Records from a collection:
# # # # #
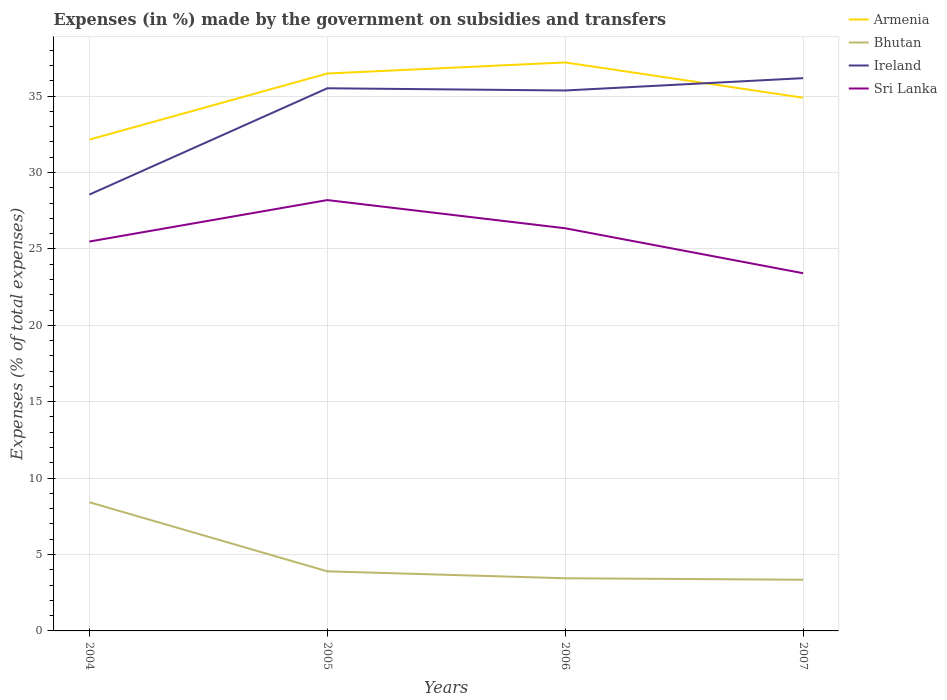How many different coloured lines are there?
Provide a succinct answer. 4. Does the line corresponding to Sri Lanka intersect with the line corresponding to Armenia?
Ensure brevity in your answer.  No. Is the number of lines equal to the number of legend labels?
Give a very brief answer. Yes. Across all years, what is the maximum percentage of expenses made by the government on subsidies and transfers in Ireland?
Provide a succinct answer. 28.56. In which year was the percentage of expenses made by the government on subsidies and transfers in Ireland maximum?
Provide a short and direct response. 2004. What is the total percentage of expenses made by the government on subsidies and transfers in Armenia in the graph?
Ensure brevity in your answer.  -2.74. What is the difference between the highest and the second highest percentage of expenses made by the government on subsidies and transfers in Bhutan?
Your answer should be very brief. 5.07. How many lines are there?
Give a very brief answer. 4. How many years are there in the graph?
Provide a short and direct response. 4. Does the graph contain any zero values?
Your response must be concise. No. Does the graph contain grids?
Your answer should be very brief. Yes. Where does the legend appear in the graph?
Offer a terse response. Top right. How many legend labels are there?
Your answer should be compact. 4. What is the title of the graph?
Keep it short and to the point. Expenses (in %) made by the government on subsidies and transfers. What is the label or title of the X-axis?
Ensure brevity in your answer.  Years. What is the label or title of the Y-axis?
Your answer should be compact. Expenses (% of total expenses). What is the Expenses (% of total expenses) of Armenia in 2004?
Your response must be concise. 32.15. What is the Expenses (% of total expenses) of Bhutan in 2004?
Give a very brief answer. 8.42. What is the Expenses (% of total expenses) of Ireland in 2004?
Offer a terse response. 28.56. What is the Expenses (% of total expenses) in Sri Lanka in 2004?
Your response must be concise. 25.48. What is the Expenses (% of total expenses) in Armenia in 2005?
Your response must be concise. 36.48. What is the Expenses (% of total expenses) in Bhutan in 2005?
Your answer should be compact. 3.9. What is the Expenses (% of total expenses) in Ireland in 2005?
Make the answer very short. 35.51. What is the Expenses (% of total expenses) in Sri Lanka in 2005?
Make the answer very short. 28.2. What is the Expenses (% of total expenses) in Armenia in 2006?
Offer a terse response. 37.2. What is the Expenses (% of total expenses) of Bhutan in 2006?
Offer a terse response. 3.45. What is the Expenses (% of total expenses) of Ireland in 2006?
Your answer should be very brief. 35.37. What is the Expenses (% of total expenses) of Sri Lanka in 2006?
Keep it short and to the point. 26.35. What is the Expenses (% of total expenses) of Armenia in 2007?
Give a very brief answer. 34.89. What is the Expenses (% of total expenses) in Bhutan in 2007?
Offer a terse response. 3.35. What is the Expenses (% of total expenses) in Ireland in 2007?
Offer a very short reply. 36.18. What is the Expenses (% of total expenses) in Sri Lanka in 2007?
Provide a succinct answer. 23.41. Across all years, what is the maximum Expenses (% of total expenses) in Armenia?
Make the answer very short. 37.2. Across all years, what is the maximum Expenses (% of total expenses) of Bhutan?
Give a very brief answer. 8.42. Across all years, what is the maximum Expenses (% of total expenses) of Ireland?
Provide a short and direct response. 36.18. Across all years, what is the maximum Expenses (% of total expenses) of Sri Lanka?
Offer a very short reply. 28.2. Across all years, what is the minimum Expenses (% of total expenses) of Armenia?
Your answer should be compact. 32.15. Across all years, what is the minimum Expenses (% of total expenses) of Bhutan?
Make the answer very short. 3.35. Across all years, what is the minimum Expenses (% of total expenses) in Ireland?
Provide a short and direct response. 28.56. Across all years, what is the minimum Expenses (% of total expenses) of Sri Lanka?
Offer a very short reply. 23.41. What is the total Expenses (% of total expenses) of Armenia in the graph?
Provide a short and direct response. 140.73. What is the total Expenses (% of total expenses) in Bhutan in the graph?
Give a very brief answer. 19.12. What is the total Expenses (% of total expenses) of Ireland in the graph?
Your answer should be compact. 135.62. What is the total Expenses (% of total expenses) of Sri Lanka in the graph?
Provide a succinct answer. 103.44. What is the difference between the Expenses (% of total expenses) of Armenia in 2004 and that in 2005?
Offer a terse response. -4.33. What is the difference between the Expenses (% of total expenses) in Bhutan in 2004 and that in 2005?
Your answer should be compact. 4.52. What is the difference between the Expenses (% of total expenses) in Ireland in 2004 and that in 2005?
Offer a very short reply. -6.96. What is the difference between the Expenses (% of total expenses) in Sri Lanka in 2004 and that in 2005?
Give a very brief answer. -2.71. What is the difference between the Expenses (% of total expenses) in Armenia in 2004 and that in 2006?
Your response must be concise. -5.05. What is the difference between the Expenses (% of total expenses) in Bhutan in 2004 and that in 2006?
Your response must be concise. 4.98. What is the difference between the Expenses (% of total expenses) in Ireland in 2004 and that in 2006?
Provide a short and direct response. -6.81. What is the difference between the Expenses (% of total expenses) in Sri Lanka in 2004 and that in 2006?
Ensure brevity in your answer.  -0.87. What is the difference between the Expenses (% of total expenses) in Armenia in 2004 and that in 2007?
Your answer should be compact. -2.74. What is the difference between the Expenses (% of total expenses) of Bhutan in 2004 and that in 2007?
Give a very brief answer. 5.07. What is the difference between the Expenses (% of total expenses) in Ireland in 2004 and that in 2007?
Provide a short and direct response. -7.62. What is the difference between the Expenses (% of total expenses) in Sri Lanka in 2004 and that in 2007?
Your answer should be compact. 2.07. What is the difference between the Expenses (% of total expenses) of Armenia in 2005 and that in 2006?
Provide a succinct answer. -0.73. What is the difference between the Expenses (% of total expenses) in Bhutan in 2005 and that in 2006?
Your answer should be very brief. 0.45. What is the difference between the Expenses (% of total expenses) of Ireland in 2005 and that in 2006?
Keep it short and to the point. 0.14. What is the difference between the Expenses (% of total expenses) of Sri Lanka in 2005 and that in 2006?
Offer a very short reply. 1.84. What is the difference between the Expenses (% of total expenses) in Armenia in 2005 and that in 2007?
Provide a short and direct response. 1.58. What is the difference between the Expenses (% of total expenses) in Bhutan in 2005 and that in 2007?
Keep it short and to the point. 0.55. What is the difference between the Expenses (% of total expenses) in Ireland in 2005 and that in 2007?
Keep it short and to the point. -0.66. What is the difference between the Expenses (% of total expenses) in Sri Lanka in 2005 and that in 2007?
Offer a very short reply. 4.79. What is the difference between the Expenses (% of total expenses) of Armenia in 2006 and that in 2007?
Offer a very short reply. 2.31. What is the difference between the Expenses (% of total expenses) of Bhutan in 2006 and that in 2007?
Make the answer very short. 0.1. What is the difference between the Expenses (% of total expenses) in Ireland in 2006 and that in 2007?
Your answer should be very brief. -0.81. What is the difference between the Expenses (% of total expenses) in Sri Lanka in 2006 and that in 2007?
Your response must be concise. 2.94. What is the difference between the Expenses (% of total expenses) in Armenia in 2004 and the Expenses (% of total expenses) in Bhutan in 2005?
Give a very brief answer. 28.25. What is the difference between the Expenses (% of total expenses) in Armenia in 2004 and the Expenses (% of total expenses) in Ireland in 2005?
Give a very brief answer. -3.36. What is the difference between the Expenses (% of total expenses) in Armenia in 2004 and the Expenses (% of total expenses) in Sri Lanka in 2005?
Your answer should be very brief. 3.96. What is the difference between the Expenses (% of total expenses) in Bhutan in 2004 and the Expenses (% of total expenses) in Ireland in 2005?
Provide a short and direct response. -27.09. What is the difference between the Expenses (% of total expenses) of Bhutan in 2004 and the Expenses (% of total expenses) of Sri Lanka in 2005?
Ensure brevity in your answer.  -19.77. What is the difference between the Expenses (% of total expenses) in Ireland in 2004 and the Expenses (% of total expenses) in Sri Lanka in 2005?
Offer a terse response. 0.36. What is the difference between the Expenses (% of total expenses) of Armenia in 2004 and the Expenses (% of total expenses) of Bhutan in 2006?
Make the answer very short. 28.71. What is the difference between the Expenses (% of total expenses) of Armenia in 2004 and the Expenses (% of total expenses) of Ireland in 2006?
Give a very brief answer. -3.22. What is the difference between the Expenses (% of total expenses) in Armenia in 2004 and the Expenses (% of total expenses) in Sri Lanka in 2006?
Give a very brief answer. 5.8. What is the difference between the Expenses (% of total expenses) in Bhutan in 2004 and the Expenses (% of total expenses) in Ireland in 2006?
Your response must be concise. -26.95. What is the difference between the Expenses (% of total expenses) in Bhutan in 2004 and the Expenses (% of total expenses) in Sri Lanka in 2006?
Your response must be concise. -17.93. What is the difference between the Expenses (% of total expenses) of Ireland in 2004 and the Expenses (% of total expenses) of Sri Lanka in 2006?
Your answer should be very brief. 2.21. What is the difference between the Expenses (% of total expenses) in Armenia in 2004 and the Expenses (% of total expenses) in Bhutan in 2007?
Offer a very short reply. 28.8. What is the difference between the Expenses (% of total expenses) in Armenia in 2004 and the Expenses (% of total expenses) in Ireland in 2007?
Your answer should be very brief. -4.02. What is the difference between the Expenses (% of total expenses) of Armenia in 2004 and the Expenses (% of total expenses) of Sri Lanka in 2007?
Give a very brief answer. 8.74. What is the difference between the Expenses (% of total expenses) in Bhutan in 2004 and the Expenses (% of total expenses) in Ireland in 2007?
Make the answer very short. -27.75. What is the difference between the Expenses (% of total expenses) of Bhutan in 2004 and the Expenses (% of total expenses) of Sri Lanka in 2007?
Provide a succinct answer. -14.99. What is the difference between the Expenses (% of total expenses) in Ireland in 2004 and the Expenses (% of total expenses) in Sri Lanka in 2007?
Ensure brevity in your answer.  5.15. What is the difference between the Expenses (% of total expenses) of Armenia in 2005 and the Expenses (% of total expenses) of Bhutan in 2006?
Offer a terse response. 33.03. What is the difference between the Expenses (% of total expenses) in Armenia in 2005 and the Expenses (% of total expenses) in Ireland in 2006?
Your answer should be very brief. 1.11. What is the difference between the Expenses (% of total expenses) in Armenia in 2005 and the Expenses (% of total expenses) in Sri Lanka in 2006?
Keep it short and to the point. 10.13. What is the difference between the Expenses (% of total expenses) of Bhutan in 2005 and the Expenses (% of total expenses) of Ireland in 2006?
Make the answer very short. -31.47. What is the difference between the Expenses (% of total expenses) of Bhutan in 2005 and the Expenses (% of total expenses) of Sri Lanka in 2006?
Your response must be concise. -22.45. What is the difference between the Expenses (% of total expenses) in Ireland in 2005 and the Expenses (% of total expenses) in Sri Lanka in 2006?
Make the answer very short. 9.16. What is the difference between the Expenses (% of total expenses) in Armenia in 2005 and the Expenses (% of total expenses) in Bhutan in 2007?
Provide a short and direct response. 33.13. What is the difference between the Expenses (% of total expenses) of Armenia in 2005 and the Expenses (% of total expenses) of Ireland in 2007?
Provide a succinct answer. 0.3. What is the difference between the Expenses (% of total expenses) in Armenia in 2005 and the Expenses (% of total expenses) in Sri Lanka in 2007?
Provide a succinct answer. 13.07. What is the difference between the Expenses (% of total expenses) of Bhutan in 2005 and the Expenses (% of total expenses) of Ireland in 2007?
Provide a succinct answer. -32.28. What is the difference between the Expenses (% of total expenses) of Bhutan in 2005 and the Expenses (% of total expenses) of Sri Lanka in 2007?
Give a very brief answer. -19.51. What is the difference between the Expenses (% of total expenses) of Ireland in 2005 and the Expenses (% of total expenses) of Sri Lanka in 2007?
Offer a very short reply. 12.1. What is the difference between the Expenses (% of total expenses) in Armenia in 2006 and the Expenses (% of total expenses) in Bhutan in 2007?
Make the answer very short. 33.85. What is the difference between the Expenses (% of total expenses) of Armenia in 2006 and the Expenses (% of total expenses) of Ireland in 2007?
Offer a terse response. 1.03. What is the difference between the Expenses (% of total expenses) in Armenia in 2006 and the Expenses (% of total expenses) in Sri Lanka in 2007?
Offer a terse response. 13.79. What is the difference between the Expenses (% of total expenses) of Bhutan in 2006 and the Expenses (% of total expenses) of Ireland in 2007?
Provide a short and direct response. -32.73. What is the difference between the Expenses (% of total expenses) of Bhutan in 2006 and the Expenses (% of total expenses) of Sri Lanka in 2007?
Offer a very short reply. -19.96. What is the difference between the Expenses (% of total expenses) of Ireland in 2006 and the Expenses (% of total expenses) of Sri Lanka in 2007?
Keep it short and to the point. 11.96. What is the average Expenses (% of total expenses) of Armenia per year?
Give a very brief answer. 35.18. What is the average Expenses (% of total expenses) in Bhutan per year?
Provide a succinct answer. 4.78. What is the average Expenses (% of total expenses) of Ireland per year?
Your answer should be very brief. 33.9. What is the average Expenses (% of total expenses) in Sri Lanka per year?
Provide a short and direct response. 25.86. In the year 2004, what is the difference between the Expenses (% of total expenses) in Armenia and Expenses (% of total expenses) in Bhutan?
Offer a very short reply. 23.73. In the year 2004, what is the difference between the Expenses (% of total expenses) of Armenia and Expenses (% of total expenses) of Ireland?
Give a very brief answer. 3.6. In the year 2004, what is the difference between the Expenses (% of total expenses) in Armenia and Expenses (% of total expenses) in Sri Lanka?
Keep it short and to the point. 6.67. In the year 2004, what is the difference between the Expenses (% of total expenses) of Bhutan and Expenses (% of total expenses) of Ireland?
Provide a short and direct response. -20.14. In the year 2004, what is the difference between the Expenses (% of total expenses) of Bhutan and Expenses (% of total expenses) of Sri Lanka?
Offer a terse response. -17.06. In the year 2004, what is the difference between the Expenses (% of total expenses) in Ireland and Expenses (% of total expenses) in Sri Lanka?
Offer a very short reply. 3.07. In the year 2005, what is the difference between the Expenses (% of total expenses) in Armenia and Expenses (% of total expenses) in Bhutan?
Offer a very short reply. 32.58. In the year 2005, what is the difference between the Expenses (% of total expenses) in Armenia and Expenses (% of total expenses) in Ireland?
Your answer should be compact. 0.97. In the year 2005, what is the difference between the Expenses (% of total expenses) of Armenia and Expenses (% of total expenses) of Sri Lanka?
Offer a very short reply. 8.28. In the year 2005, what is the difference between the Expenses (% of total expenses) of Bhutan and Expenses (% of total expenses) of Ireland?
Your answer should be compact. -31.61. In the year 2005, what is the difference between the Expenses (% of total expenses) of Bhutan and Expenses (% of total expenses) of Sri Lanka?
Give a very brief answer. -24.3. In the year 2005, what is the difference between the Expenses (% of total expenses) in Ireland and Expenses (% of total expenses) in Sri Lanka?
Provide a short and direct response. 7.32. In the year 2006, what is the difference between the Expenses (% of total expenses) of Armenia and Expenses (% of total expenses) of Bhutan?
Your response must be concise. 33.76. In the year 2006, what is the difference between the Expenses (% of total expenses) in Armenia and Expenses (% of total expenses) in Ireland?
Your response must be concise. 1.84. In the year 2006, what is the difference between the Expenses (% of total expenses) of Armenia and Expenses (% of total expenses) of Sri Lanka?
Offer a terse response. 10.85. In the year 2006, what is the difference between the Expenses (% of total expenses) of Bhutan and Expenses (% of total expenses) of Ireland?
Provide a succinct answer. -31.92. In the year 2006, what is the difference between the Expenses (% of total expenses) of Bhutan and Expenses (% of total expenses) of Sri Lanka?
Your response must be concise. -22.91. In the year 2006, what is the difference between the Expenses (% of total expenses) of Ireland and Expenses (% of total expenses) of Sri Lanka?
Keep it short and to the point. 9.02. In the year 2007, what is the difference between the Expenses (% of total expenses) of Armenia and Expenses (% of total expenses) of Bhutan?
Make the answer very short. 31.55. In the year 2007, what is the difference between the Expenses (% of total expenses) of Armenia and Expenses (% of total expenses) of Ireland?
Your answer should be compact. -1.28. In the year 2007, what is the difference between the Expenses (% of total expenses) of Armenia and Expenses (% of total expenses) of Sri Lanka?
Your answer should be very brief. 11.48. In the year 2007, what is the difference between the Expenses (% of total expenses) of Bhutan and Expenses (% of total expenses) of Ireland?
Offer a terse response. -32.83. In the year 2007, what is the difference between the Expenses (% of total expenses) of Bhutan and Expenses (% of total expenses) of Sri Lanka?
Make the answer very short. -20.06. In the year 2007, what is the difference between the Expenses (% of total expenses) of Ireland and Expenses (% of total expenses) of Sri Lanka?
Offer a very short reply. 12.77. What is the ratio of the Expenses (% of total expenses) in Armenia in 2004 to that in 2005?
Your answer should be compact. 0.88. What is the ratio of the Expenses (% of total expenses) of Bhutan in 2004 to that in 2005?
Your answer should be compact. 2.16. What is the ratio of the Expenses (% of total expenses) of Ireland in 2004 to that in 2005?
Provide a succinct answer. 0.8. What is the ratio of the Expenses (% of total expenses) in Sri Lanka in 2004 to that in 2005?
Your response must be concise. 0.9. What is the ratio of the Expenses (% of total expenses) in Armenia in 2004 to that in 2006?
Your response must be concise. 0.86. What is the ratio of the Expenses (% of total expenses) in Bhutan in 2004 to that in 2006?
Offer a terse response. 2.44. What is the ratio of the Expenses (% of total expenses) in Ireland in 2004 to that in 2006?
Offer a terse response. 0.81. What is the ratio of the Expenses (% of total expenses) in Sri Lanka in 2004 to that in 2006?
Your response must be concise. 0.97. What is the ratio of the Expenses (% of total expenses) in Armenia in 2004 to that in 2007?
Offer a terse response. 0.92. What is the ratio of the Expenses (% of total expenses) in Bhutan in 2004 to that in 2007?
Your answer should be compact. 2.51. What is the ratio of the Expenses (% of total expenses) in Ireland in 2004 to that in 2007?
Ensure brevity in your answer.  0.79. What is the ratio of the Expenses (% of total expenses) of Sri Lanka in 2004 to that in 2007?
Provide a succinct answer. 1.09. What is the ratio of the Expenses (% of total expenses) of Armenia in 2005 to that in 2006?
Your answer should be compact. 0.98. What is the ratio of the Expenses (% of total expenses) in Bhutan in 2005 to that in 2006?
Your answer should be very brief. 1.13. What is the ratio of the Expenses (% of total expenses) of Sri Lanka in 2005 to that in 2006?
Your answer should be very brief. 1.07. What is the ratio of the Expenses (% of total expenses) in Armenia in 2005 to that in 2007?
Your response must be concise. 1.05. What is the ratio of the Expenses (% of total expenses) of Bhutan in 2005 to that in 2007?
Give a very brief answer. 1.16. What is the ratio of the Expenses (% of total expenses) of Ireland in 2005 to that in 2007?
Provide a short and direct response. 0.98. What is the ratio of the Expenses (% of total expenses) of Sri Lanka in 2005 to that in 2007?
Ensure brevity in your answer.  1.2. What is the ratio of the Expenses (% of total expenses) in Armenia in 2006 to that in 2007?
Make the answer very short. 1.07. What is the ratio of the Expenses (% of total expenses) of Bhutan in 2006 to that in 2007?
Provide a succinct answer. 1.03. What is the ratio of the Expenses (% of total expenses) of Ireland in 2006 to that in 2007?
Your answer should be compact. 0.98. What is the ratio of the Expenses (% of total expenses) of Sri Lanka in 2006 to that in 2007?
Your answer should be very brief. 1.13. What is the difference between the highest and the second highest Expenses (% of total expenses) of Armenia?
Make the answer very short. 0.73. What is the difference between the highest and the second highest Expenses (% of total expenses) of Bhutan?
Offer a very short reply. 4.52. What is the difference between the highest and the second highest Expenses (% of total expenses) of Ireland?
Keep it short and to the point. 0.66. What is the difference between the highest and the second highest Expenses (% of total expenses) in Sri Lanka?
Offer a terse response. 1.84. What is the difference between the highest and the lowest Expenses (% of total expenses) of Armenia?
Ensure brevity in your answer.  5.05. What is the difference between the highest and the lowest Expenses (% of total expenses) in Bhutan?
Offer a terse response. 5.07. What is the difference between the highest and the lowest Expenses (% of total expenses) in Ireland?
Provide a short and direct response. 7.62. What is the difference between the highest and the lowest Expenses (% of total expenses) in Sri Lanka?
Offer a very short reply. 4.79.
# # # # #
What you will do —
Of the lines in the data, report each one containing the string "title".

Written answer —
Your answer should be compact. 4. What is the title of the graph?
Keep it short and to the point. Expenses (in %) made by the government on subsidies and transfers. What is the label or title of the X-axis?
Ensure brevity in your answer.  Years. What is the label or title of the Y-axis?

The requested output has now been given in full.